- What you will do: If a line in the data below contains "pixels", copy it.

──────────────────────────────

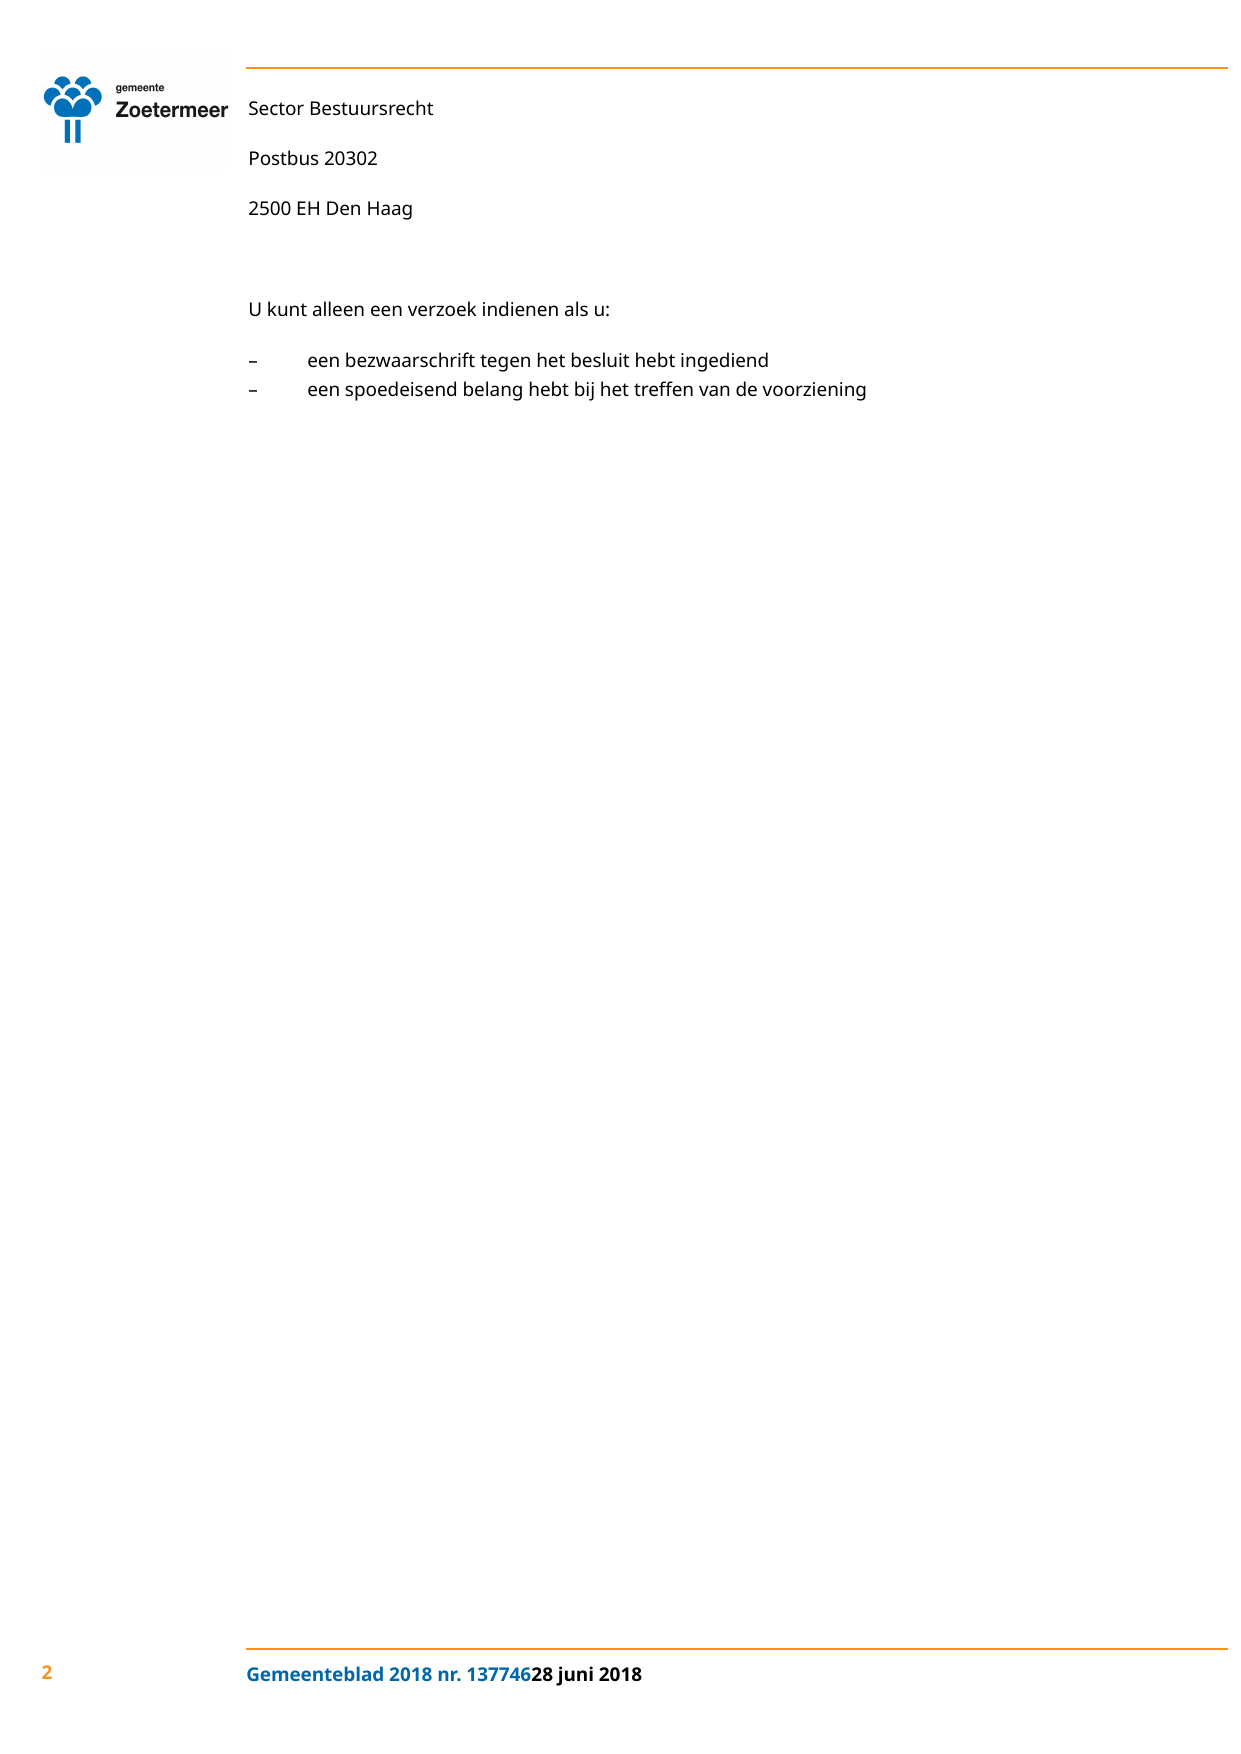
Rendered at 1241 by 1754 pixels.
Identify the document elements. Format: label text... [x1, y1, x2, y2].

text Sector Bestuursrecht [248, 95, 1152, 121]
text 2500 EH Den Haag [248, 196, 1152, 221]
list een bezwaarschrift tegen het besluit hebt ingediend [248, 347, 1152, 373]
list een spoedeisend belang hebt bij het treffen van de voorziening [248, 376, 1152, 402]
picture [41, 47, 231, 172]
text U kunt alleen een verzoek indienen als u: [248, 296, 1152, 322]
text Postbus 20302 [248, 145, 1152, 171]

──────────────────────────────

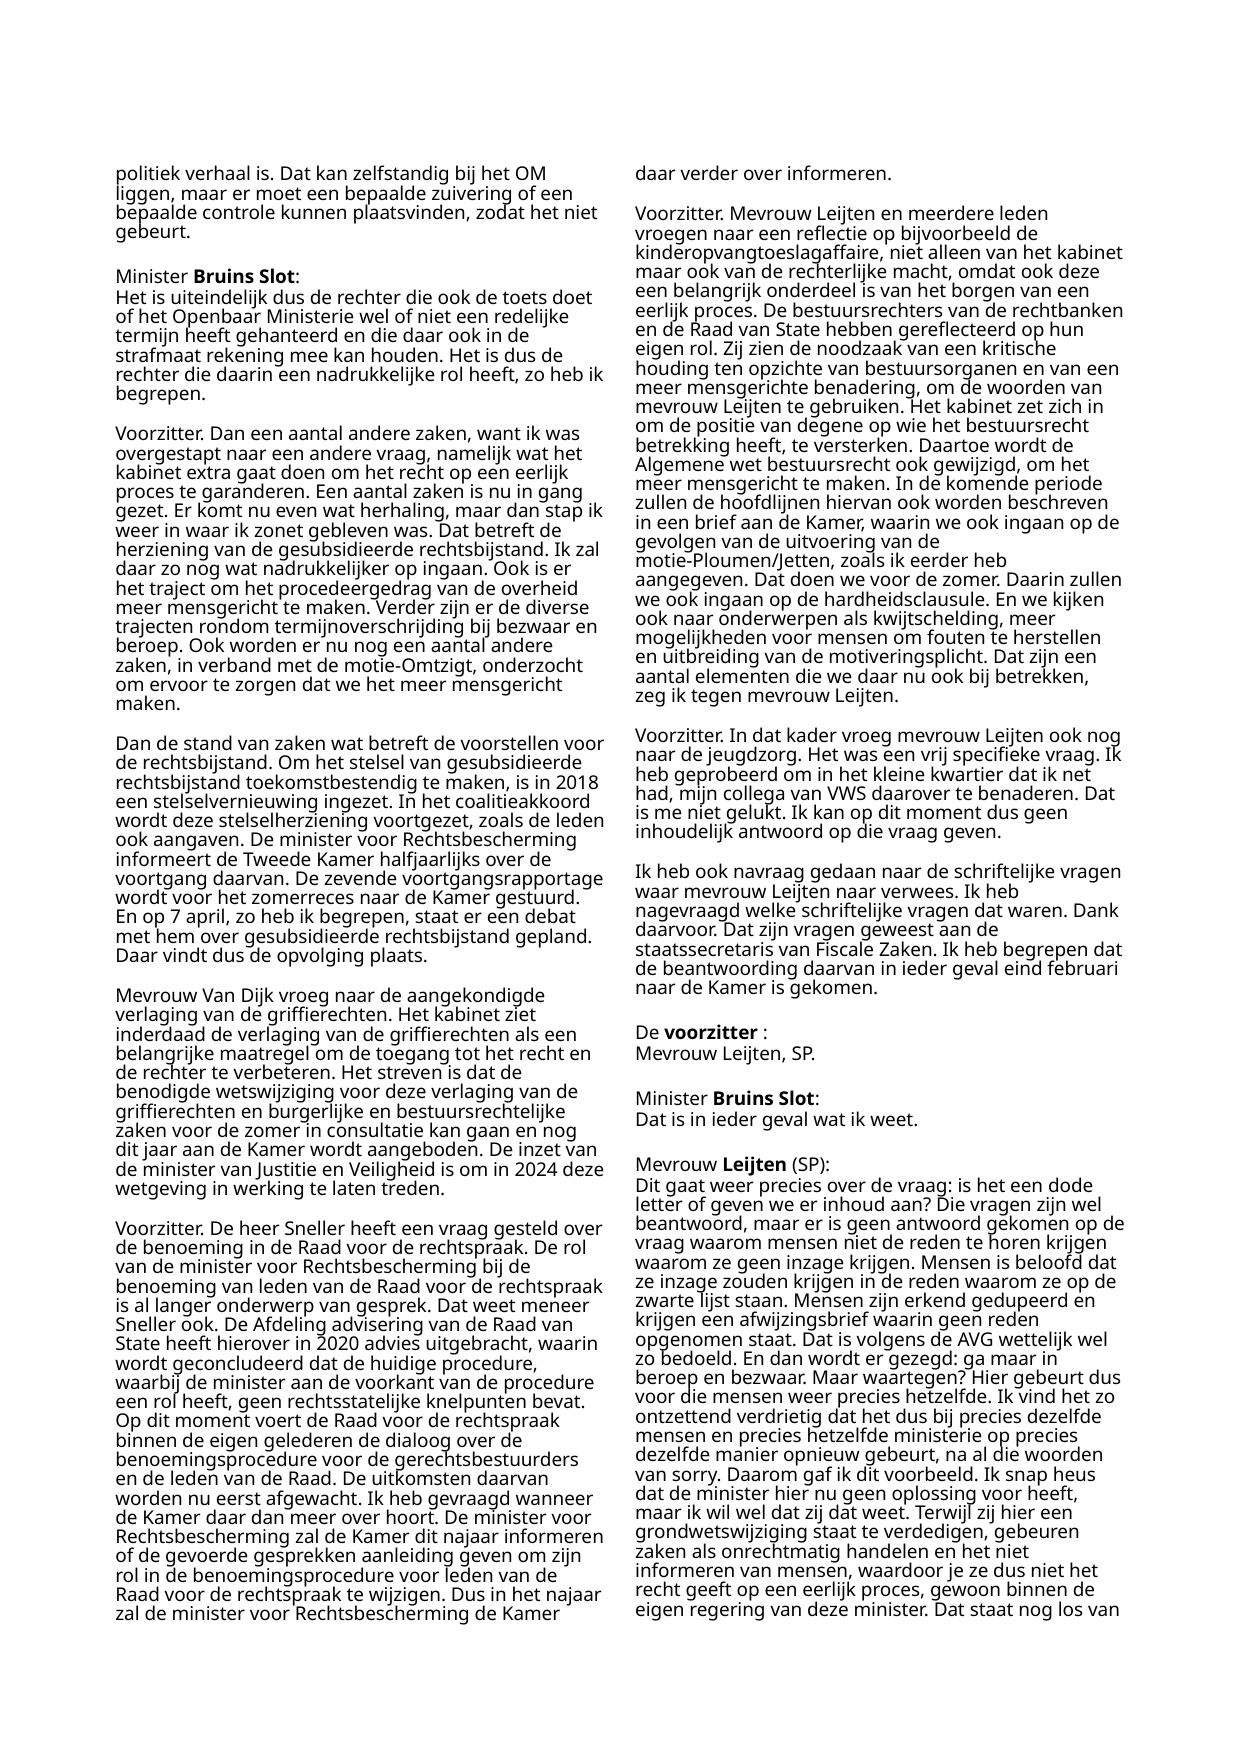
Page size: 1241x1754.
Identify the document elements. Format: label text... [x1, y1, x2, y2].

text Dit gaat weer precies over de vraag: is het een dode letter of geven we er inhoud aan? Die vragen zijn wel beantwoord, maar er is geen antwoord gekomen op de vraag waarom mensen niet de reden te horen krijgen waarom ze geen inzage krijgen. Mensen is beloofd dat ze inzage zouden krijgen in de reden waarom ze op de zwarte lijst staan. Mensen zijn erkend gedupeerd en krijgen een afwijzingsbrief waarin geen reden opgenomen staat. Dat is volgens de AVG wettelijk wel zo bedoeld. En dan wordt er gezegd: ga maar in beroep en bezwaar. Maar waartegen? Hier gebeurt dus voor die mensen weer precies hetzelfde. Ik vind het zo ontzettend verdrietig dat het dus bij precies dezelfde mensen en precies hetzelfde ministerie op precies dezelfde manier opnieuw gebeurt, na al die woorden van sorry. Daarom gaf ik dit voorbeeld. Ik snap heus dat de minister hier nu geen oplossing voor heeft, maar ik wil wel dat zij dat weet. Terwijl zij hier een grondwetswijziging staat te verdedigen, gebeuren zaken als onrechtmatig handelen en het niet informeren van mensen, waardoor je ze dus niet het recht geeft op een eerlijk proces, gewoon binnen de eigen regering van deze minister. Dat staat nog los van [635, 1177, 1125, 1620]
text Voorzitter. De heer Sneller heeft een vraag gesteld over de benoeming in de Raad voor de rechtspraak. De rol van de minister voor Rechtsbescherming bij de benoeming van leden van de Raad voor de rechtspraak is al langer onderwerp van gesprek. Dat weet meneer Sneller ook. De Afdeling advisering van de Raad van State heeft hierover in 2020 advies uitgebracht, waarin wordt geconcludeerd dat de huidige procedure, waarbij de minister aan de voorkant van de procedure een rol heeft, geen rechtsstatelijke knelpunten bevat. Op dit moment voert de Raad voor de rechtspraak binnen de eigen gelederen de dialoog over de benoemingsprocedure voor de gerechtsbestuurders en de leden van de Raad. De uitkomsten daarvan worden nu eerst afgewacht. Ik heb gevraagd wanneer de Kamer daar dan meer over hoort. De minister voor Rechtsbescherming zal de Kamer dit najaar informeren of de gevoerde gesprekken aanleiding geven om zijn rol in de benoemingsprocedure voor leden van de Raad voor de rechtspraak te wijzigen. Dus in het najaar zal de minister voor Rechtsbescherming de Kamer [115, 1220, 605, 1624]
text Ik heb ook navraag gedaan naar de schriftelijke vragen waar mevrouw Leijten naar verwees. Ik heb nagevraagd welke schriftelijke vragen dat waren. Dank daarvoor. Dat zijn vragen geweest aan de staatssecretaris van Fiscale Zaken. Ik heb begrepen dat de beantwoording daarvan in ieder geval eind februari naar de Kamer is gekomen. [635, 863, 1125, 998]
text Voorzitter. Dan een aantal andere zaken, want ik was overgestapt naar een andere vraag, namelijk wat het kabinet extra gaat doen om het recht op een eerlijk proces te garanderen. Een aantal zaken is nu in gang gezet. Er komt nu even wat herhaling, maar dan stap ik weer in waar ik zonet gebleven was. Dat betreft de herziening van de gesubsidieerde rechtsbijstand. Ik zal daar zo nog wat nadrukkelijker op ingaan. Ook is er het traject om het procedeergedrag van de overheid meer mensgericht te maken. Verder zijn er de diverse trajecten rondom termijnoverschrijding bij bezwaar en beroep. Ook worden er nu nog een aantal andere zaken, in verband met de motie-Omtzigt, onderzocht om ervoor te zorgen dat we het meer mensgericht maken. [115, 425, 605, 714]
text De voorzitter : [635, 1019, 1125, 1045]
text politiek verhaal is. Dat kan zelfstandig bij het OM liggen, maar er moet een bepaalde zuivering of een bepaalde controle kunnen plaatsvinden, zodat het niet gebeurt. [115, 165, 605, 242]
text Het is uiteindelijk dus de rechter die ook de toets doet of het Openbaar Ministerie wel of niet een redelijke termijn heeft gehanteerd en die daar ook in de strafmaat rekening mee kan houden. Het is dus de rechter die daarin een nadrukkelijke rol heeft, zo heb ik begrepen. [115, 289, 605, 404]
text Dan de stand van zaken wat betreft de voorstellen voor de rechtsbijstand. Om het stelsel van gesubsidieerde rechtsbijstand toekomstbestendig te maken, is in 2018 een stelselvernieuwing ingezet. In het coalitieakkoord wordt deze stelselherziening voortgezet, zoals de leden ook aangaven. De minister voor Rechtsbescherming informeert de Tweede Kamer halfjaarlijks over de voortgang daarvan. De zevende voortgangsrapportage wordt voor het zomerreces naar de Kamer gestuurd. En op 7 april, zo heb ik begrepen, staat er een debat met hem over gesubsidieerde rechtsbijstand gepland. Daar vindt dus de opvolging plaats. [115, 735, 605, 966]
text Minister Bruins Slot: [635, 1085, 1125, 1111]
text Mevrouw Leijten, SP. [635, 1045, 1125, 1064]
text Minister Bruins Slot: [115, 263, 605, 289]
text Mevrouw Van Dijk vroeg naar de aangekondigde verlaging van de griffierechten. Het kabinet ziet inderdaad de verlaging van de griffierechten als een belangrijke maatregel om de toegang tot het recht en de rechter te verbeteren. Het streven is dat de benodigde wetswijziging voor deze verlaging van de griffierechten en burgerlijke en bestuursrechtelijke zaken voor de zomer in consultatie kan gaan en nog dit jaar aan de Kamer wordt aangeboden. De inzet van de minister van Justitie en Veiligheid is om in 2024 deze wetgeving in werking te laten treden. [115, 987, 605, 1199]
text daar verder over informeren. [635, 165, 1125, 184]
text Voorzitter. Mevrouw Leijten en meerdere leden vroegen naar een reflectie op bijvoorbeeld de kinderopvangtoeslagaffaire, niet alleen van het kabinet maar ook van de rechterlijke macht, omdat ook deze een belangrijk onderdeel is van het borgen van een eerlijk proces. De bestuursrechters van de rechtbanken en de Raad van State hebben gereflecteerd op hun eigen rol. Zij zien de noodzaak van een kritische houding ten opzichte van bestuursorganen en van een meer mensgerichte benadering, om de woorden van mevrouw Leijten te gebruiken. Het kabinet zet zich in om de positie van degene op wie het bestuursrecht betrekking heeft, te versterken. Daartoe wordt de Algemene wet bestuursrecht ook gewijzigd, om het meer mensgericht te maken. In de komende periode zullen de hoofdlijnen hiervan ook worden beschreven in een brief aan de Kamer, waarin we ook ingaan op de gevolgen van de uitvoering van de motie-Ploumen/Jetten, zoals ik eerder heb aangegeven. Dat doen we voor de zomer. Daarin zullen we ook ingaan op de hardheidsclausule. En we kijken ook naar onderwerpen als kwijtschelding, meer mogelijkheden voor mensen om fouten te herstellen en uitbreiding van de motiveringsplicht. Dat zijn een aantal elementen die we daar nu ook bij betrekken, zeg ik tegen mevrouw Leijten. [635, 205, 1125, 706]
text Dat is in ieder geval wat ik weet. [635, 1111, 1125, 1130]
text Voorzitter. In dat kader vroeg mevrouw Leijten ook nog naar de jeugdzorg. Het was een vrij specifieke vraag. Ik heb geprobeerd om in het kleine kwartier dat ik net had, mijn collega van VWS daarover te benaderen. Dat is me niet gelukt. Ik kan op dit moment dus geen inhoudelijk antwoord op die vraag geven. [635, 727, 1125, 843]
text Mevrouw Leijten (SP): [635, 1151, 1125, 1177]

──────────────────────────────

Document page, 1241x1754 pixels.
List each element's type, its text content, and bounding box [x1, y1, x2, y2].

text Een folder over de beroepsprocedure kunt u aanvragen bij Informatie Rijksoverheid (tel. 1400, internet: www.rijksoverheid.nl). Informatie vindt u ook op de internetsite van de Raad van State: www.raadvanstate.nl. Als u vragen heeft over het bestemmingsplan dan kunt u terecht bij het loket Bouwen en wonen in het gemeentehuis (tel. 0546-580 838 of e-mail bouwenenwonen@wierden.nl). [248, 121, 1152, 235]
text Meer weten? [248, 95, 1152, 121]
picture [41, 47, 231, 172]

──────────────────────────────

- Answer box:
Rendered at 1241 by 1754 pixels.
Document page, 1241x1754 pixels.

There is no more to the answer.